In a sense, the earlier examples in this post also involve some form of pitting part of your own knowing against another part. Insofar as you trusted authorities over your own sense of things, you did so in part because you did also trust them to know things you didn’t. That may be from past experiences of this adult (or adults in general) being reliable sources of knowledge you later found accorded with your own experience, such that you reasonably expected their words to align with what you’d eventually be able to tell for yourself. Or, it could be from past experiences of this person (or other people) being physically violent or emotionally aggressive when disagreed with, such that you could tell for yourself that it was in some sense right by your own values to override your own beliefs and sense of reality to match—not in the name of “truth” but for the sake of your own safety.
Or plausibly, there may even be a genetically encoded prior that inclines young homo sapiens to treat what older homo sapiens say as true. But even if kids are willing to listen to adults using naive trust, doesn’t mean that adults couldn’t respect the kids’ own experience and help them connect what the kid knows and what the adult knows.
And many times adults do! Some adults/parents/teachers more than others, but all of them to some extent. I don’t want to imply that everyone is literally constantly overriding everyone. Just that it’s common enough that most people have major ways in which they’ve learned not to back themselves. And that, as I said at the top, this is not incidental, but structural to the evolution of culture over the course of human history (prehistory is likely a different story). If you want to read about that, it so happens that the same day this post you’re reading now is going live, one of my favorite essays on the exact topic has just finally been released to the public: The Evolution of Culture, by David Deutsch (I had the fortune to read it 5 years ago through a mutual friend with the author). I have critiques of the essay as well, which I’ll write up soon, but the core ideas remain a powerful linchpin in my thinking.

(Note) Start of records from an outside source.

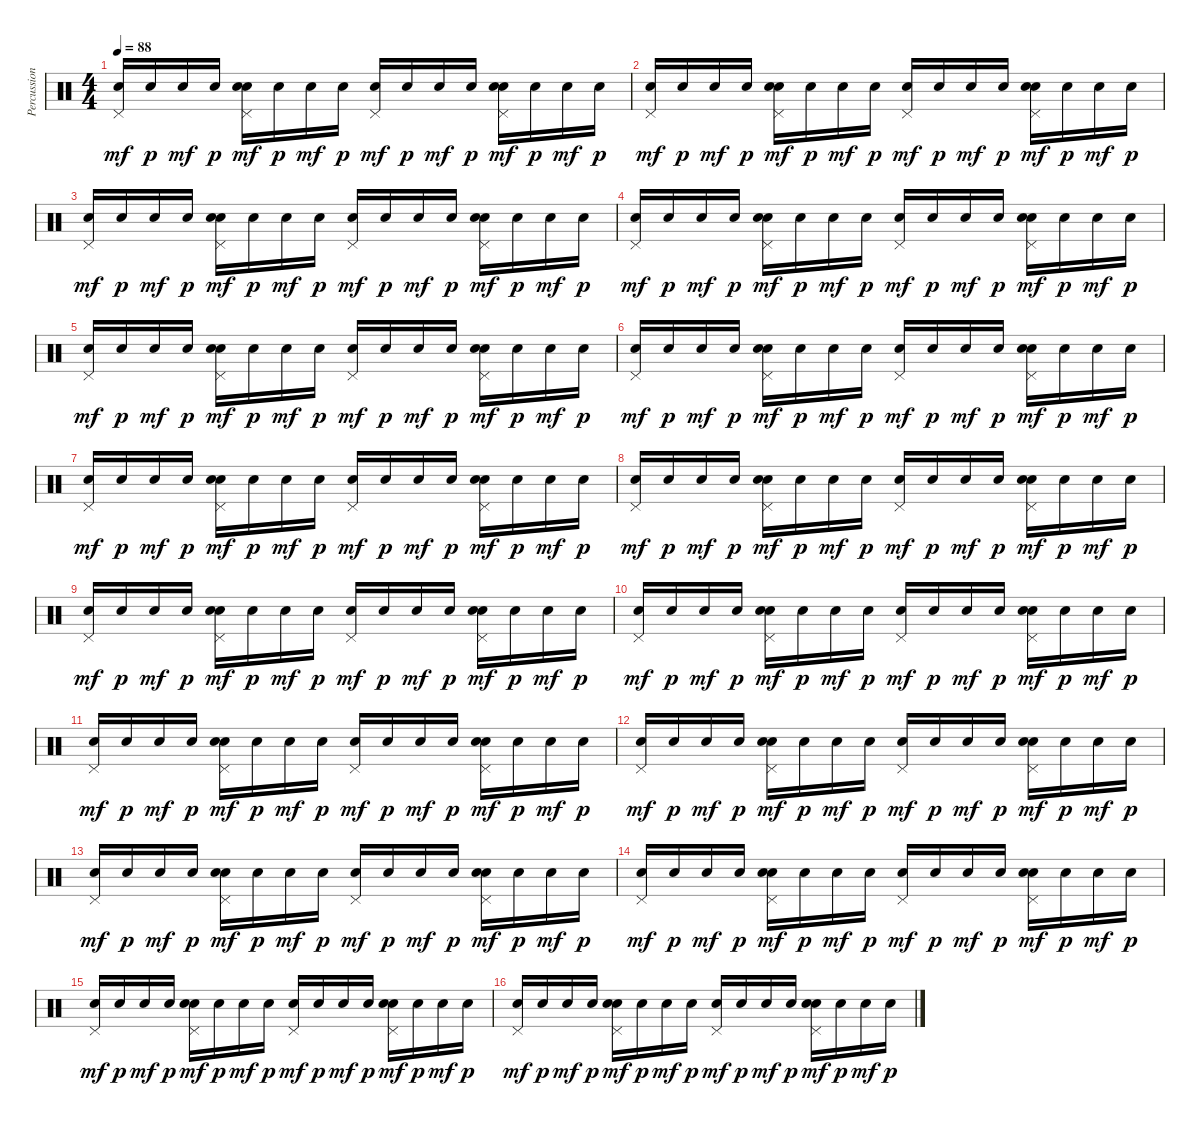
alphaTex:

\track ("Percussion" "Percussion") {instrument percussion}
\staff {score}
\articulation defaults
\ts (4 4)
\tempo 88
\clef neutral
\ks c
("Snare (hit) 2" "Pedal Hi-Hat (hit)").16{dy mf} "Snare (hit) 2".16{dy p} "Snare (hit) 2".16{dy mf} "Snare (hit) 2".16{dy p} ("Hand Clap (hit)" "Snare (hit) 2" "Pedal Hi-Hat (hit)").16{dy mf} "Snare (hit) 2".16{dy p} "Snare (hit) 2".16{dy mf} "Snare (hit) 2".16{dy p} ("Snare (hit) 2" "Pedal Hi-Hat (hit)").16{dy mf} "Snare (hit) 2".16{dy p} "Snare (hit) 2".16{dy mf} "Snare (hit) 2".16{dy p} ("Snare (hit) 2" "Hand Clap (hit)" "Pedal Hi-Hat (hit)").16{dy mf} "Snare (hit) 2".16{dy p} "Snare (hit) 2".16{dy mf} "Snare (hit) 2".16{dy p} |
("Snare (hit) 2" "Pedal Hi-Hat (hit)").16{dy mf} "Snare (hit) 2".16{dy p} "Snare (hit) 2".16{dy mf} "Snare (hit) 2".16{dy p} ("Hand Clap (hit)" "Snare (hit) 2" "Pedal Hi-Hat (hit)").16{dy mf} "Snare (hit) 2".16{dy p} "Snare (hit) 2".16{dy mf} "Snare (hit) 2".16{dy p} ("Snare (hit) 2" "Pedal Hi-Hat (hit)").16{dy mf} "Snare (hit) 2".16{dy p} "Snare (hit) 2".16{dy mf} "Snare (hit) 2".16{dy p} ("Snare (hit) 2" "Hand Clap (hit)" "Pedal Hi-Hat (hit)").16{dy mf} "Snare (hit) 2".16{dy p} "Snare (hit) 2".16{dy mf} "Snare (hit) 2".16{dy p} |
("Snare (hit) 2" "Pedal Hi-Hat (hit)").16{dy mf} "Snare (hit) 2".16{dy p} "Snare (hit) 2".16{dy mf} "Snare (hit) 2".16{dy p} ("Hand Clap (hit)" "Snare (hit) 2" "Pedal Hi-Hat (hit)").16{dy mf} "Snare (hit) 2".16{dy p} "Snare (hit) 2".16{dy mf} "Snare (hit) 2".16{dy p} ("Snare (hit) 2" "Pedal Hi-Hat (hit)").16{dy mf} "Snare (hit) 2".16{dy p} "Snare (hit) 2".16{dy mf} "Snare (hit) 2".16{dy p} ("Snare (hit) 2" "Hand Clap (hit)" "Pedal Hi-Hat (hit)").16{dy mf} "Snare (hit) 2".16{dy p} "Snare (hit) 2".16{dy mf} "Snare (hit) 2".16{dy p} |
("Snare (hit) 2" "Pedal Hi-Hat (hit)").16{dy mf} "Snare (hit) 2".16{dy p} "Snare (hit) 2".16{dy mf} "Snare (hit) 2".16{dy p} ("Hand Clap (hit)" "Snare (hit) 2" "Pedal Hi-Hat (hit)").16{dy mf} "Snare (hit) 2".16{dy p} "Snare (hit) 2".16{dy mf} "Snare (hit) 2".16{dy p} ("Snare (hit) 2" "Pedal Hi-Hat (hit)").16{dy mf} "Snare (hit) 2".16{dy p} "Snare (hit) 2".16{dy mf} "Snare (hit) 2".16{dy p} ("Snare (hit) 2" "Hand Clap (hit)" "Pedal Hi-Hat (hit)").16{dy mf} "Snare (hit) 2".16{dy p} "Snare (hit) 2".16{dy mf} "Snare (hit) 2".16{dy p} |
("Snare (hit) 2" "Pedal Hi-Hat (hit)").16{dy mf} "Snare (hit) 2".16{dy p} "Snare (hit) 2".16{dy mf} "Snare (hit) 2".16{dy p} ("Hand Clap (hit)" "Snare (hit) 2" "Pedal Hi-Hat (hit)").16{dy mf} "Snare (hit) 2".16{dy p} "Snare (hit) 2".16{dy mf} "Snare (hit) 2".16{dy p} ("Snare (hit) 2" "Pedal Hi-Hat (hit)").16{dy mf} "Snare (hit) 2".16{dy p} "Snare (hit) 2".16{dy mf} "Snare (hit) 2".16{dy p} ("Snare (hit) 2" "Hand Clap (hit)" "Pedal Hi-Hat (hit)").16{dy mf} "Snare (hit) 2".16{dy p} "Snare (hit) 2".16{dy mf} "Snare (hit) 2".16{dy p} |
("Snare (hit) 2" "Pedal Hi-Hat (hit)").16{dy mf} "Snare (hit) 2".16{dy p} "Snare (hit) 2".16{dy mf} "Snare (hit) 2".16{dy p} ("Hand Clap (hit)" "Snare (hit) 2" "Pedal Hi-Hat (hit)").16{dy mf} "Snare (hit) 2".16{dy p} "Snare (hit) 2".16{dy mf} "Snare (hit) 2".16{dy p} ("Snare (hit) 2" "Pedal Hi-Hat (hit)").16{dy mf} "Snare (hit) 2".16{dy p} "Snare (hit) 2".16{dy mf} "Snare (hit) 2".16{dy p} ("Snare (hit) 2" "Hand Clap (hit)" "Pedal Hi-Hat (hit)").16{dy mf} "Snare (hit) 2".16{dy p} "Snare (hit) 2".16{dy mf} "Snare (hit) 2".16{dy p} |
("Snare (hit) 2" "Pedal Hi-Hat (hit)").16{dy mf} "Snare (hit) 2".16{dy p} "Snare (hit) 2".16{dy mf} "Snare (hit) 2".16{dy p} ("Hand Clap (hit)" "Snare (hit) 2" "Pedal Hi-Hat (hit)").16{dy mf} "Snare (hit) 2".16{dy p} "Snare (hit) 2".16{dy mf} "Snare (hit) 2".16{dy p} ("Snare (hit) 2" "Pedal Hi-Hat (hit)").16{dy mf} "Snare (hit) 2".16{dy p} "Snare (hit) 2".16{dy mf} "Snare (hit) 2".16{dy p} ("Snare (hit) 2" "Hand Clap (hit)" "Pedal Hi-Hat (hit)").16{dy mf} "Snare (hit) 2".16{dy p} "Snare (hit) 2".16{dy mf} "Snare (hit) 2".16{dy p} |
("Snare (hit) 2" "Pedal Hi-Hat (hit)").16{dy mf} "Snare (hit) 2".16{dy p} "Snare (hit) 2".16{dy mf} "Snare (hit) 2".16{dy p} ("Hand Clap (hit)" "Snare (hit) 2" "Pedal Hi-Hat (hit)").16{dy mf} "Snare (hit) 2".16{dy p} "Snare (hit) 2".16{dy mf} "Snare (hit) 2".16{dy p} ("Snare (hit) 2" "Pedal Hi-Hat (hit)").16{dy mf} "Snare (hit) 2".16{dy p} "Snare (hit) 2".16{dy mf} "Snare (hit) 2".16{dy p} ("Snare (hit) 2" "Hand Clap (hit)" "Pedal Hi-Hat (hit)").16{dy mf} "Snare (hit) 2".16{dy p} "Snare (hit) 2".16{dy mf} "Snare (hit) 2".16{dy p} |
("Snare (hit) 2" "Pedal Hi-Hat (hit)").16{dy mf} "Snare (hit) 2".16{dy p} "Snare (hit) 2".16{dy mf} "Snare (hit) 2".16{dy p} ("Hand Clap (hit)" "Snare (hit) 2" "Pedal Hi-Hat (hit)").16{dy mf} "Snare (hit) 2".16{dy p} "Snare (hit) 2".16{dy mf} "Snare (hit) 2".16{dy p} ("Snare (hit) 2" "Pedal Hi-Hat (hit)").16{dy mf} "Snare (hit) 2".16{dy p} "Snare (hit) 2".16{dy mf} "Snare (hit) 2".16{dy p} ("Snare (hit) 2" "Hand Clap (hit)" "Pedal Hi-Hat (hit)").16{dy mf} "Snare (hit) 2".16{dy p} "Snare (hit) 2".16{dy mf} "Snare (hit) 2".16{dy p} |
("Snare (hit) 2" "Pedal Hi-Hat (hit)").16{dy mf} "Snare (hit) 2".16{dy p} "Snare (hit) 2".16{dy mf} "Snare (hit) 2".16{dy p} ("Hand Clap (hit)" "Snare (hit) 2" "Pedal Hi-Hat (hit)").16{dy mf} "Snare (hit) 2".16{dy p} "Snare (hit) 2".16{dy mf} "Snare (hit) 2".16{dy p} ("Snare (hit) 2" "Pedal Hi-Hat (hit)").16{dy mf} "Snare (hit) 2".16{dy p} "Snare (hit) 2".16{dy mf} "Snare (hit) 2".16{dy p} ("Snare (hit) 2" "Hand Clap (hit)" "Pedal Hi-Hat (hit)").16{dy mf} "Snare (hit) 2".16{dy p} "Snare (hit) 2".16{dy mf} "Snare (hit) 2".16{dy p} |
("Snare (hit) 2" "Pedal Hi-Hat (hit)").16{dy mf} "Snare (hit) 2".16{dy p} "Snare (hit) 2".16{dy mf} "Snare (hit) 2".16{dy p} ("Hand Clap (hit)" "Snare (hit) 2" "Pedal Hi-Hat (hit)").16{dy mf} "Snare (hit) 2".16{dy p} "Snare (hit) 2".16{dy mf} "Snare (hit) 2".16{dy p} ("Snare (hit) 2" "Pedal Hi-Hat (hit)").16{dy mf} "Snare (hit) 2".16{dy p} "Snare (hit) 2".16{dy mf} "Snare (hit) 2".16{dy p} ("Snare (hit) 2" "Hand Clap (hit)" "Pedal Hi-Hat (hit)").16{dy mf} "Snare (hit) 2".16{dy p} "Snare (hit) 2".16{dy mf} "Snare (hit) 2".16{dy p} |
("Snare (hit) 2" "Pedal Hi-Hat (hit)").16{dy mf} "Snare (hit) 2".16{dy p} "Snare (hit) 2".16{dy mf} "Snare (hit) 2".16{dy p} ("Hand Clap (hit)" "Snare (hit) 2" "Pedal Hi-Hat (hit)").16{dy mf} "Snare (hit) 2".16{dy p} "Snare (hit) 2".16{dy mf} "Snare (hit) 2".16{dy p} ("Snare (hit) 2" "Pedal Hi-Hat (hit)").16{dy mf} "Snare (hit) 2".16{dy p} "Snare (hit) 2".16{dy mf} "Snare (hit) 2".16{dy p} ("Snare (hit) 2" "Hand Clap (hit)" "Pedal Hi-Hat (hit)").16{dy mf} "Snare (hit) 2".16{dy p} "Snare (hit) 2".16{dy mf} "Snare (hit) 2".16{dy p} |
("Snare (hit) 2" "Pedal Hi-Hat (hit)").16{dy mf} "Snare (hit) 2".16{dy p} "Snare (hit) 2".16{dy mf} "Snare (hit) 2".16{dy p} ("Hand Clap (hit)" "Snare (hit) 2" "Pedal Hi-Hat (hit)").16{dy mf} "Snare (hit) 2".16{dy p} "Snare (hit) 2".16{dy mf} "Snare (hit) 2".16{dy p} ("Snare (hit) 2" "Pedal Hi-Hat (hit)").16{dy mf} "Snare (hit) 2".16{dy p} "Snare (hit) 2".16{dy mf} "Snare (hit) 2".16{dy p} ("Snare (hit) 2" "Hand Clap (hit)" "Pedal Hi-Hat (hit)").16{dy mf} "Snare (hit) 2".16{dy p} "Snare (hit) 2".16{dy mf} "Snare (hit) 2".16{dy p} |
("Snare (hit) 2" "Pedal Hi-Hat (hit)").16{dy mf} "Snare (hit) 2".16{dy p} "Snare (hit) 2".16{dy mf} "Snare (hit) 2".16{dy p} ("Hand Clap (hit)" "Snare (hit) 2" "Pedal Hi-Hat (hit)").16{dy mf} "Snare (hit) 2".16{dy p} "Snare (hit) 2".16{dy mf} "Snare (hit) 2".16{dy p} ("Snare (hit) 2" "Pedal Hi-Hat (hit)").16{dy mf} "Snare (hit) 2".16{dy p} "Snare (hit) 2".16{dy mf} "Snare (hit) 2".16{dy p} ("Snare (hit) 2" "Hand Clap (hit)" "Pedal Hi-Hat (hit)").16{dy mf} "Snare (hit) 2".16{dy p} "Snare (hit) 2".16{dy mf} "Snare (hit) 2".16{dy p} |
("Snare (hit) 2" "Pedal Hi-Hat (hit)").16{dy mf} "Snare (hit) 2".16{dy p} "Snare (hit) 2".16{dy mf} "Snare (hit) 2".16{dy p} ("Hand Clap (hit)" "Snare (hit) 2" "Pedal Hi-Hat (hit)").16{dy mf} "Snare (hit) 2".16{dy p} "Snare (hit) 2".16{dy mf} "Snare (hit) 2".16{dy p} ("Snare (hit) 2" "Pedal Hi-Hat (hit)").16{dy mf} "Snare (hit) 2".16{dy p} "Snare (hit) 2".16{dy mf} "Snare (hit) 2".16{dy p} ("Snare (hit) 2" "Hand Clap (hit)" "Pedal Hi-Hat (hit)").16{dy mf} "Snare (hit) 2".16{dy p} "Snare (hit) 2".16{dy mf} "Snare (hit) 2".16{dy p} |
("Snare (hit) 2" "Pedal Hi-Hat (hit)").16{dy mf} "Snare (hit) 2".16{dy p} "Snare (hit) 2".16{dy mf} "Snare (hit) 2".16{dy p} ("Hand Clap (hit)" "Snare (hit) 2" "Pedal Hi-Hat (hit)").16{dy mf} "Snare (hit) 2".16{dy p} "Snare (hit) 2".16{dy mf} "Snare (hit) 2".16{dy p} ("Snare (hit) 2" "Pedal Hi-Hat (hit)").16{dy mf} "Snare (hit) 2".16{dy p} "Snare (hit) 2".16{dy mf} "Snare (hit) 2".16{dy p} ("Snare (hit) 2" "Hand Clap (hit)" "Pedal Hi-Hat (hit)").16{dy mf} "Snare (hit) 2".16{dy p} "Snare (hit) 2".16{dy mf} "Snare (hit) 2".16{dy p}

The next post in this sequence is Oppressive cultures: you don’t get to know what you know, which also talks about some of these structural dynamics.
(Meta: I tried to keep this post mostly made of questions, so as not to presume anything about you, the reader, in particular. But linguistically I still used plenty of presupposition, and I made claims about the sorts of things that happen and the impacts they have. Did any of what I said here strike you as somehow incompatible with your own experience? If it did, did you override it with what I was saying? Or did you listen to yourself instead? Were you able to hold both at once, in a juxtaposition? Right there, in any of that distrust and how you responded to it, is the phenomenon I’m talking about.)